The second Power Poll question focused on the respondents’ feelings about reopening. They were asked “What’s your comfort level with Palm Beach County’s reopening process?” Nearly half of those who answered, or 45.9 percent, agreed with the statement “I am confident that our state and local leaders are setting safe and reasonable guidelines.” Another 22.30 percent agreed that “I agree with reopening, but with stricter guidelines, including 25 percent capacity for retail/restaurants and no congregating on beaches.” Interestingly, 31.76 percent agreed that “sheltering-in-place orders should have been maintained at least through the end of May.”
>> PHOTOS: Part II - Reopening Palm Beach County
“Sooner we open, the better,” responded Palm Beach State Attorney's Office spokesman Mike Edmondson. Meanwhile, Julie Seaver, Executive Director of Lake Worth’s Compass LGBTQ Community Center, commented that while she understood “the need for entering into reopening phases, slowly, smartly and safely,” she felt that “mis-report(ing) of the testing numbers...to encourage the phases of reopening has instilled a lack of trust in most of us. Transparency is KEY to the success of reopening.”
And Patrick Franklin, president and CEO of the Urban League of Palm Beach County, is concerned that “we have not done enough to protect the most vulnerable in our community, the front-line workers who are going back to work to support their families,” and that those people “do not have an adequate supply of PPE’s at their respective workplace to sustain an extended period after reopening.” He also said there had not been “enough testing in the low-income minority communities throughout Palm Beach County.

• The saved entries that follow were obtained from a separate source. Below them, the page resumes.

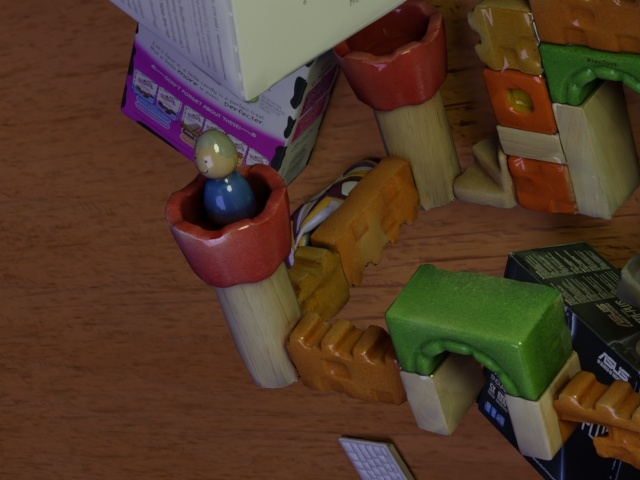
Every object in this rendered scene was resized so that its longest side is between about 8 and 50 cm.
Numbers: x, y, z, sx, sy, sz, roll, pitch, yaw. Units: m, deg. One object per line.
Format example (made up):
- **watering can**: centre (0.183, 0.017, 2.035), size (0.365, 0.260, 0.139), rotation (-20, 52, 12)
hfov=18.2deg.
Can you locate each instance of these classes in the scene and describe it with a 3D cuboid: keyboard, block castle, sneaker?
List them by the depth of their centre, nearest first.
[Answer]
- **block castle**: centre (0.154, -0.029, 1.329), size (0.453, 0.303, 0.213), rotation (11, 135, 35)
- **sneaker**: centre (0.000, 0.000, 1.702), size (0.069, 0.084, 0.185), rotation (41, 145, 1)
- **keyboard**: centre (0.100, 0.295, 1.990), size (0.072, 0.014, 0.256), rotation (-4, 125, 46)

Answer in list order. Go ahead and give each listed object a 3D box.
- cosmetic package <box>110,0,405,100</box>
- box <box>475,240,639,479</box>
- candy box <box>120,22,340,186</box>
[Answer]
- **cosmetic package**: centre (-0.102, -0.276, 1.332), size (0.365, 0.197, 0.155), rotation (39, 151, 35)
- **box**: centre (0.208, 0.110, 1.525), size (0.180, 0.077, 0.147), rotation (47, 136, 46)
- **candy box**: centre (-0.068, -0.151, 1.614), size (0.159, 0.071, 0.233), rotation (35, 146, 10)
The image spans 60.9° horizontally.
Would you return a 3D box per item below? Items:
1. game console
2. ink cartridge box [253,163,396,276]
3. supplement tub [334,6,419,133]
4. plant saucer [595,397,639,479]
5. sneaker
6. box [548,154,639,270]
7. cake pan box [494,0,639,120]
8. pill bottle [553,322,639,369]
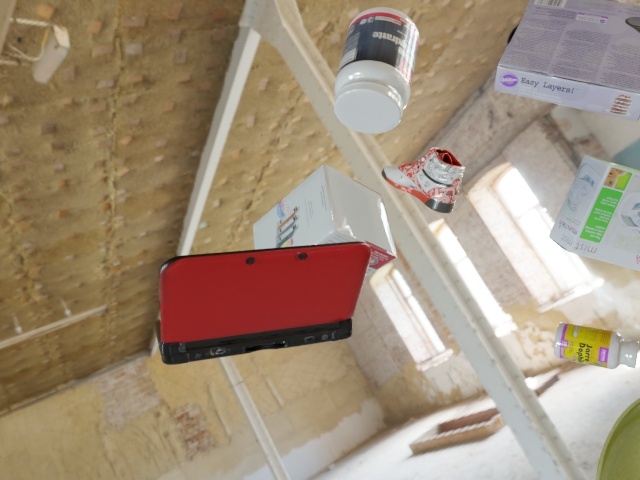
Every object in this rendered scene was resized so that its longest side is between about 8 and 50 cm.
[{"bbox_3d":[-0.050,0.038,0.412,0.144,0.085,0.124,-4,10,-20],"label":"game console"},{"bbox_3d":[0.000,0.000,0.830,0.128,0.127,0.176,22,-45,-36],"label":"ink cartridge box"},{"bbox_3d":[0.141,-0.430,1.383,0.191,0.272,0.191,10,-24,5],"label":"supplement tub"},{"bbox_3d":[0.339,0.251,0.473,0.241,0.240,0.037,-24,-17,-20],"label":"plant saucer"},{"bbox_3d":[0.278,-0.191,1.471,0.090,0.270,0.144,-1,-62,-33],"label":"sneaker"},{"bbox_3d":[0.745,-0.061,1.344,0.126,0.262,0.231,-99,25,-71],"label":"box"},{"bbox_3d":[0.479,-0.351,1.005,0.245,0.267,0.070,-60,-23,-29],"label":"cake pan box"},{"bbox_3d":[0.316,0.122,0.625,0.083,0.043,0.043,7,8,33],"label":"pill bottle"}]
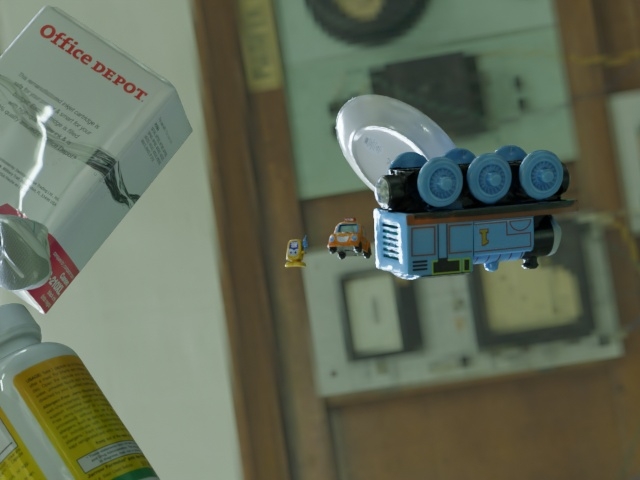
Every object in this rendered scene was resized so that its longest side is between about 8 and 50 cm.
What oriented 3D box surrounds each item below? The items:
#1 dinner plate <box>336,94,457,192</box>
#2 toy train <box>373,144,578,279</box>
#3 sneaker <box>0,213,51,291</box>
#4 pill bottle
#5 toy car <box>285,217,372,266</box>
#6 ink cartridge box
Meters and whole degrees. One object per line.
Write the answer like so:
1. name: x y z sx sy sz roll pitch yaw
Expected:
1. dinner plate: 0.071 -0.072 1.677 0.017 0.141 0.141 -48 -39 -33
2. toy train: 0.130 -0.024 1.563 0.080 0.184 0.105 -163 71 -63
3. sneaker: -0.235 0.003 1.449 0.152 0.061 0.054 24 112 59
4. pill bottle: -0.228 0.159 1.532 0.208 0.117 0.117 53 177 17
5. toy car: 0.000 0.000 1.924 0.060 0.122 0.040 17 -108 -52
6. ink cartridge box: -0.262 -0.079 1.765 0.237 0.172 0.100 -52 -20 -13
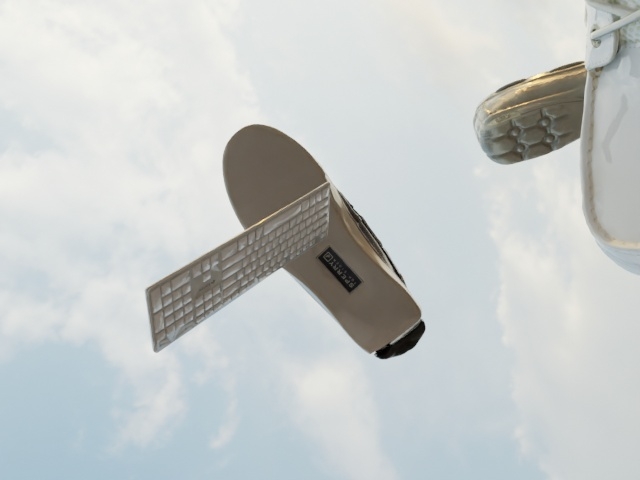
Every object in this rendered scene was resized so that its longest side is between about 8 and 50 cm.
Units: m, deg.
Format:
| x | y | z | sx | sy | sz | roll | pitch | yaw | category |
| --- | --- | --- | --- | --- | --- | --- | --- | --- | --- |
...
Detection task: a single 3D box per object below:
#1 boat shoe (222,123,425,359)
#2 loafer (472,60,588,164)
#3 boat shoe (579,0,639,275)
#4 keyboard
| x | y | z | sx | sy | sz | roll | pitch | yaw | category |
| --- | --- | --- | --- | --- | --- | --- | --- | --- | --- |
| 0.000 | 0.000 | 0.845 | 0.127 | 0.158 | 0.340 | -36 | -87 | 3 | boat shoe |
| 0.351 | -0.187 | 0.800 | 0.111 | 0.319 | 0.112 | -88 | -19 | -46 | loafer |
| 0.161 | -0.121 | 0.296 | 0.096 | 0.098 | 0.277 | 8 | -88 | -37 | boat shoe |
| -0.069 | 0.017 | 0.631 | 0.014 | 0.072 | 0.256 | 29 | -139 | 26 | keyboard |
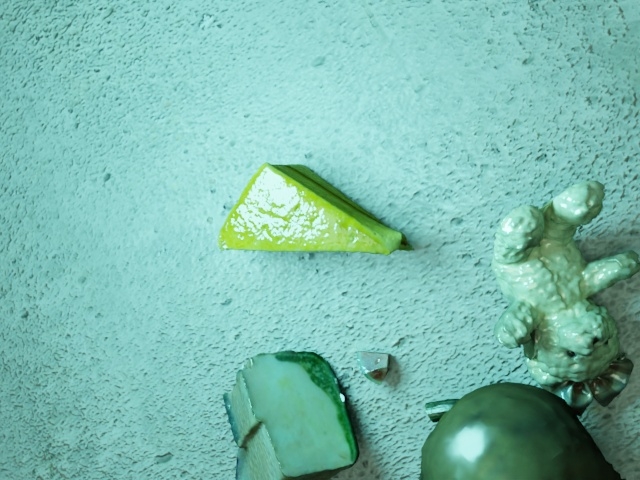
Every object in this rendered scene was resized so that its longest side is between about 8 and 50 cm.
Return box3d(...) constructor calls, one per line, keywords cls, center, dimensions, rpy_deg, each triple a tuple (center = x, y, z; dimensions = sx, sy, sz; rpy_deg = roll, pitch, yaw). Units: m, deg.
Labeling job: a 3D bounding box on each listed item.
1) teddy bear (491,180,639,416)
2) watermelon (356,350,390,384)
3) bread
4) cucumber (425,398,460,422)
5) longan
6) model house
box3d(cls="teddy bear", center=(0.497, 0.134, 1.378), dimensions=(0.327, 0.375, 0.362), rpy_deg=(-22, 68, -8))
box3d(cls="watermelon", center=(0.126, 0.279, 1.635), dimensions=(0.092, 0.084, 0.072), rpy_deg=(43, 96, -2))
box3d(cls="bread", center=(0.000, 0.000, 1.576), dimensions=(0.361, 0.233, 0.245), rpy_deg=(34, 104, 13))
box3d(cls="cucumber", center=(0.292, 0.382, 1.599), dimensions=(0.105, 0.048, 0.048), rpy_deg=(-15, 89, 19))
box3d(cls="longan", center=(0.392, 0.486, 1.376), dimensions=(0.404, 0.436, 0.404), rpy_deg=(-1, 54, 1))
box3d(cls="model house", center=(-0.101, 0.450, 1.666), dimensions=(0.284, 0.243, 0.298), rpy_deg=(-52, 49, 40))
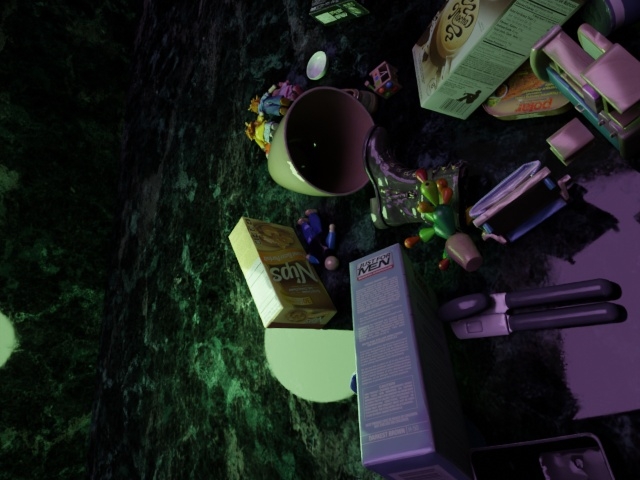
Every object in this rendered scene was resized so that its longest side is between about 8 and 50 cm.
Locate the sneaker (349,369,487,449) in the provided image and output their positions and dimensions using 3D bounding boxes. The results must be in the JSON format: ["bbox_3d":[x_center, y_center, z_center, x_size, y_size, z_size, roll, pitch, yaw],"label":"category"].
[{"bbox_3d":[0.173,0.348,0.855,0.296,0.131,0.112,27,99,45],"label":"sneaker"}]

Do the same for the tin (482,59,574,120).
[{"bbox_3d":[0.399,-0.284,0.833,0.189,0.040,0.106,9,83,48],"label":"tin"}]

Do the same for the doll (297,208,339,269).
[{"bbox_3d":[0.000,0.000,1.181,0.129,0.046,0.189,-48,50,30],"label":"doll"}]

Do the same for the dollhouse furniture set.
[{"bbox_3d":[0.304,-0.149,0.693,0.303,0.286,0.198,-42,64,25],"label":"dollhouse furniture set"}]

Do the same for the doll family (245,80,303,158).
[{"bbox_3d":[-0.166,-0.394,1.395,0.163,0.118,0.263,17,93,47],"label":"doll family"}]

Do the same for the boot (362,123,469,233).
[{"bbox_3d":[0.212,-0.140,0.955,0.229,0.091,0.263,-5,95,46],"label":"boot"}]

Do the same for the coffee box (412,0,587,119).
[{"bbox_3d":[0.304,-0.392,0.814,0.297,0.118,0.168,132,141,-57],"label":"coffee box"}]

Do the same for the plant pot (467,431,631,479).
[{"bbox_3d":[0.356,0.373,0.628,0.187,0.167,0.188,-31,60,38],"label":"plant pot"}]

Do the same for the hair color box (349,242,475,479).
[{"bbox_3d":[0.149,0.209,0.767,0.113,0.185,0.375,-23,41,23],"label":"hair color box"}]

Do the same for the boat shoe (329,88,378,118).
[{"bbox_3d":[0.025,-0.363,1.206,0.285,0.089,0.105,-1,81,47],"label":"boat shoe"}]

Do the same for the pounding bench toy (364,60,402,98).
[{"bbox_3d":[0.152,-0.388,1.105,0.083,0.052,0.065,-29,61,39],"label":"pounding bench toy"}]

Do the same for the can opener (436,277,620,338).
[{"bbox_3d":[0.337,0.120,0.758,0.283,0.095,0.076,-19,68,43],"label":"can opener"}]

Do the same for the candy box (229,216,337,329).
[{"bbox_3d":[-0.105,0.085,1.172,0.087,0.182,0.316,-52,48,26],"label":"candy box"}]

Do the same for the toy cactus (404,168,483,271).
[{"bbox_3d":[0.228,-0.011,0.817,0.112,0.219,0.180,-19,39,-4],"label":"toy cactus"}]

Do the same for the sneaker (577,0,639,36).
[{"bbox_3d":[0.487,-0.492,0.758,0.131,0.112,0.319,-21,64,20],"label":"sneaker"}]

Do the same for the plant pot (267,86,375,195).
[{"bbox_3d":[-0.029,-0.220,1.146,0.274,0.256,0.257,-10,73,62],"label":"plant pot"}]

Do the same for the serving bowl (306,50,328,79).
[{"bbox_3d":[-0.003,-0.518,1.319,0.083,0.027,0.083,-14,71,45],"label":"serving bowl"}]

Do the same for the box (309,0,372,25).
[{"bbox_3d":[0.067,-0.712,1.253,0.180,0.077,0.147,11,89,47],"label":"box"}]
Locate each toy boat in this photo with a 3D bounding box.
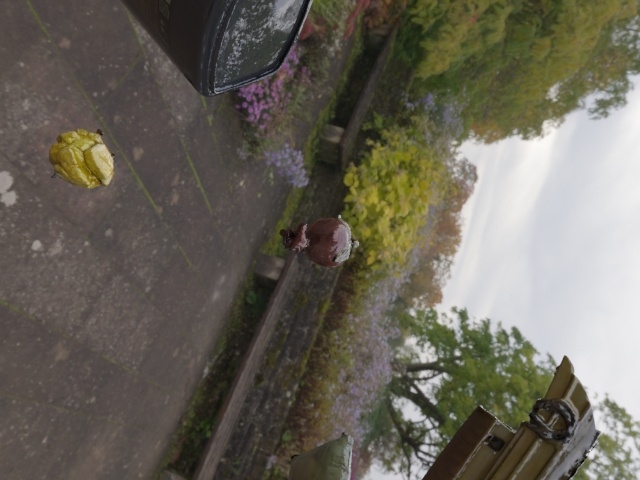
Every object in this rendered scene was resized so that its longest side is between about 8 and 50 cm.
[{"bbox_3d":[0.288,0.381,0.704,0.445,0.162,0.136,-48,143,-5],"label":"toy boat"}]

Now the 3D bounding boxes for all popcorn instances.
[{"bbox_3d":[-0.558,-0.189,1.010,0.152,0.167,0.148,-54,127,-17],"label":"popcorn"}]

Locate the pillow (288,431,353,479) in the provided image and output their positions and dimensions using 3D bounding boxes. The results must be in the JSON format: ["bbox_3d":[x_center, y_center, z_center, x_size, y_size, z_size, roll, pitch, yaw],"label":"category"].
[{"bbox_3d":[-0.018,0.523,0.796,0.185,0.075,0.303,-36,-155,31],"label":"pillow"}]

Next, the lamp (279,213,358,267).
[{"bbox_3d":[0.005,0.011,1.278,0.215,0.223,0.151,90,-15,-84],"label":"lamp"}]

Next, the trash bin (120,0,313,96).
[{"bbox_3d":[-0.148,-0.331,0.471,0.182,0.290,0.209,-34,175,-34],"label":"trash bin"}]
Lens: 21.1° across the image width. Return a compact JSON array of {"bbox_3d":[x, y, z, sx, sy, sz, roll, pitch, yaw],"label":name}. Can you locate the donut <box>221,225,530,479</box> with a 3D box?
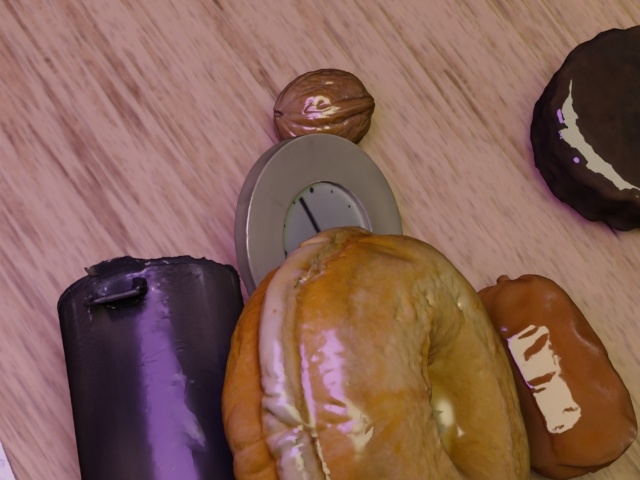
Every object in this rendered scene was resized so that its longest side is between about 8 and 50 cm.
[{"bbox_3d":[0.066,0.192,1.709,0.198,0.449,0.449,-21,73,25],"label":"donut"}]

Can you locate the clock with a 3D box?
[{"bbox_3d":[0.000,0.000,1.884,0.235,0.029,0.235,5,82,-42],"label":"clock"}]

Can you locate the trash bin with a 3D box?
[{"bbox_3d":[-0.152,0.190,1.758,0.203,0.252,0.301,-16,67,7],"label":"trash bin"}]

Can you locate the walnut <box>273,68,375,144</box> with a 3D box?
[{"bbox_3d":[0.005,-0.145,1.961,0.124,0.105,0.105,-11,74,-28],"label":"walnut"}]

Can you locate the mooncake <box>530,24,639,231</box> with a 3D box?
[{"bbox_3d":[0.358,-0.126,2.001,0.228,0.124,0.228,4,73,-14],"label":"mooncake"}]

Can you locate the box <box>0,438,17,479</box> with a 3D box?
[{"bbox_3d":[-0.366,0.248,1.809,0.083,0.024,0.053,-22,77,-14],"label":"box"}]

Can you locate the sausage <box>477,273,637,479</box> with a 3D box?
[{"bbox_3d":[0.248,0.147,1.894,0.136,0.120,0.241,-23,77,-31],"label":"sausage"}]
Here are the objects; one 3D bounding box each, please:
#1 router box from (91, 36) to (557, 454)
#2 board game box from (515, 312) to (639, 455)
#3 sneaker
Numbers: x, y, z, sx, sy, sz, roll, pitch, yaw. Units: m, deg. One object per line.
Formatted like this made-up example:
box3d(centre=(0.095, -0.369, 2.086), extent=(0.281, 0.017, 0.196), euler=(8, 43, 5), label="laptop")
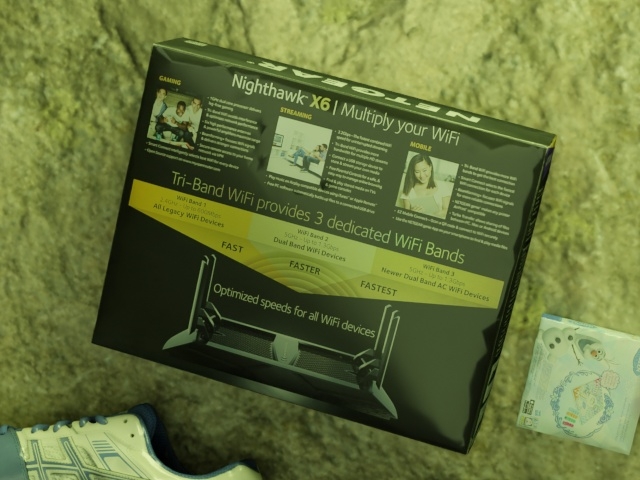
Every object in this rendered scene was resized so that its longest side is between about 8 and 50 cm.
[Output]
box3d(centre=(0.000, 0.000, 1.250), extent=(0.308, 0.081, 0.243), euler=(16, 104, 9), label="router box")
box3d(centre=(0.203, 0.110, 1.256), extent=(0.090, 0.020, 0.090), euler=(14, 103, 10), label="board game box")
box3d(centre=(-0.186, 0.183, 1.329), extent=(0.296, 0.112, 0.131), euler=(21, 87, 6), label="sneaker")
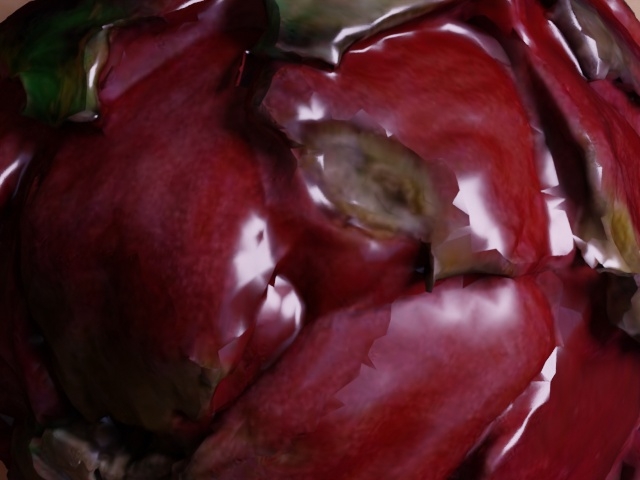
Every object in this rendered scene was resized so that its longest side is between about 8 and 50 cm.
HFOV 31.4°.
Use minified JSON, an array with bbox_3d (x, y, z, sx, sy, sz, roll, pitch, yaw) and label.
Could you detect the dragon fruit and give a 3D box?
[{"bbox_3d":[0.000,-0.002,0.473,0.329,0.329,0.329,-7,106,-25],"label":"dragon fruit"}]
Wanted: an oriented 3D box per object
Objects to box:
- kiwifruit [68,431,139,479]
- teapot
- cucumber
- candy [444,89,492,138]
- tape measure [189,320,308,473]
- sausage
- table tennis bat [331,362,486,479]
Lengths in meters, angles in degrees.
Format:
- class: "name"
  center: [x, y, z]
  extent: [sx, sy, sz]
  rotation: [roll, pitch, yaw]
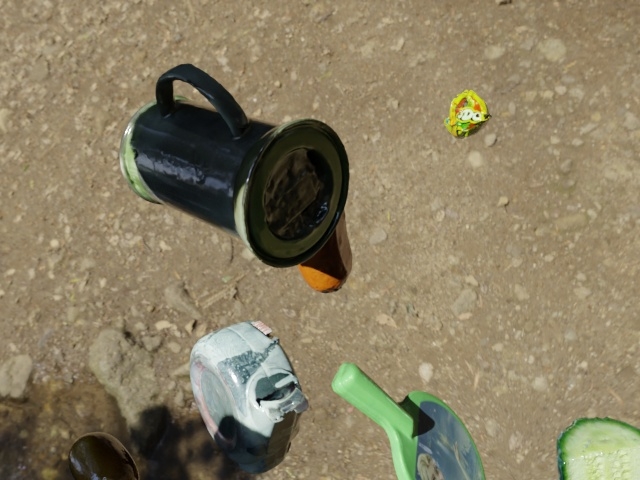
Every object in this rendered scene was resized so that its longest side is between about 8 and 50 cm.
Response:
- class: "kiwifruit"
  center: [-0.285, 0.302, 0.707]
  extent: [0.124, 0.075, 0.075]
  rotation: [31, 80, 43]
- class: "teapot"
  center: [-0.154, -0.126, 0.782]
  extent: [0.336, 0.271, 0.200]
  rotation: [21, 57, 37]
- class: "cucumber"
  center: [0.358, 0.290, 0.693]
  extent: [0.116, 0.115, 0.062]
  rotation: [-15, 28, 4]
- class: "candy"
  center: [0.291, -0.234, 1.008]
  extent: [0.073, 0.262, 0.077]
  rotation: [45, 117, 10]
- class: "tape measure"
  center: [-0.137, 0.294, 1.031]
  extent: [0.147, 0.256, 0.275]
  rotation: [-16, 46, -34]
- class: "sausage"
  center: [-0.003, 0.000, 1.201]
  extent: [0.133, 0.259, 0.133]
  rotation: [-8, 26, 4]
- class: "table tennis bat"
  center: [0.113, 0.233, 0.635]
  extent: [0.039, 0.257, 0.160]
  rotation: [-39, 16, 35]
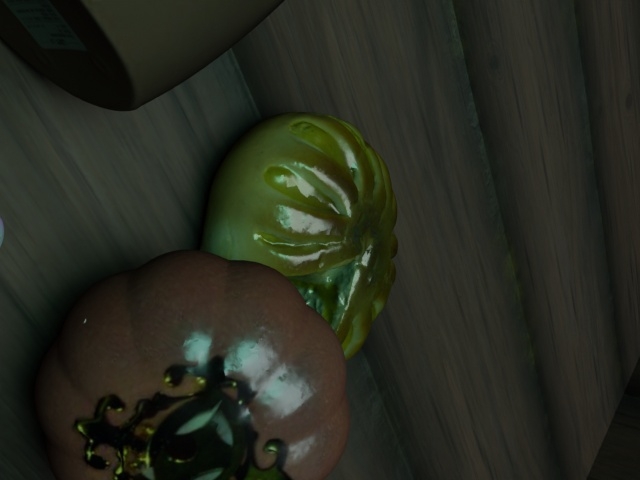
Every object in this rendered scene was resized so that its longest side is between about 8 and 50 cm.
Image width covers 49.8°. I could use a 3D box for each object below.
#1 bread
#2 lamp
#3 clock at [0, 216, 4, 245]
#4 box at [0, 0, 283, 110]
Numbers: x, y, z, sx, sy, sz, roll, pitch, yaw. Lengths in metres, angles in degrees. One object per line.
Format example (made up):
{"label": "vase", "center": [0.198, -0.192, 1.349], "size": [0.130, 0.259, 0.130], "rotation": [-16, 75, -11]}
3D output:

A plan of action needs to be developed and implemented for continuous testing. Be safe and make good decisions.”
The third and final Power Poll question concerned the unexpected time at home that many in the county found themselves with during the lockdown. They were asked, “As we gradually regain some normalcy to our everyday lives, what will you miss most about sheltering-in?” More than half, or 52.70 percent, responded that they would most miss “time with my family that’s often lost through our hectic schedules,” while 31.08 percent said that “I will miss nothing about sheltering-in.” Meanwhile, 12.16 percent of respondents said they would miss “opportunities to start or complete household projects, discover a hobby or improve a skill, such as cooking,” and 4.05 percent said they’ll miss “opportunities to start or complete household projects, discover a hobby or improve a skill, such as cooking.”
Jan Cairnes, CEO of the Hanley Foundation, had a different take on the subject of how the stay-at-home orders have affected her time. “I’m working an average of three additional hours per day because I am working from home. I don’t have time for household projects, cleaning out my closet, sewing, or any of those things that you might spend time doing if you had leisure time at home. My leisure time is really limited to weekends.”
About Power Poll: Power Poll asks questions of the most powerful, influential people in U.S. cities. It is not a scientific survey. But because the people responding to the surveys comprise the leadership structure of their cities, the results afford a fascinating glimpse into the thoughts, opinions, and beliefs of those in a position to make change. Power Poll is distinctly nonpartisan.